____ Dataset records
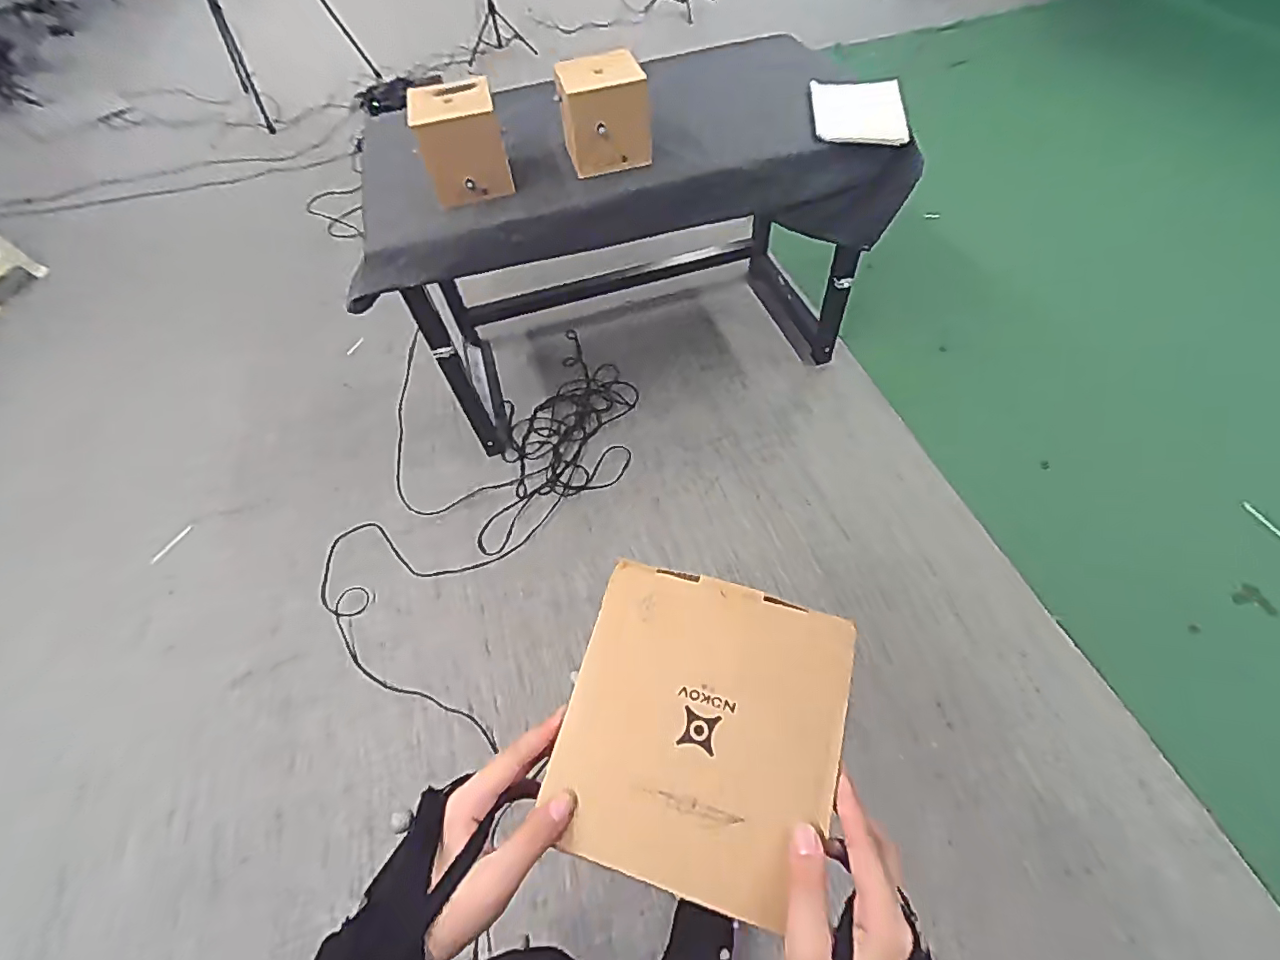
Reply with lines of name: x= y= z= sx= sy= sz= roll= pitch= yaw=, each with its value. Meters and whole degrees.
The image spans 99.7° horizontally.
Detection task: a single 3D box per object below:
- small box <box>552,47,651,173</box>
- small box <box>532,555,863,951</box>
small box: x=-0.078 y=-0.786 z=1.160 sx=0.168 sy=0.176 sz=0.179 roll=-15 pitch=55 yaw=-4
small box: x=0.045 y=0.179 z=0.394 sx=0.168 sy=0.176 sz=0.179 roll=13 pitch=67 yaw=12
________
**Your instructions**
Reproduce all entries without any change, and omit the pictures.

**Result**
Reply with lines of name: x= y= z= sx= sy= sz= roll= pitch= yaw=, each with its value. Meters and whole degrees.
The image spans 99.7° horizontally.
Detection task: a single 3D box per object below:
- small box <box>552,47,651,173</box>
- small box <box>532,555,863,951</box>
small box: x=-0.078 y=-0.786 z=1.160 sx=0.168 sy=0.176 sz=0.179 roll=-15 pitch=55 yaw=-4
small box: x=0.045 y=0.179 z=0.394 sx=0.168 sy=0.176 sz=0.179 roll=13 pitch=67 yaw=12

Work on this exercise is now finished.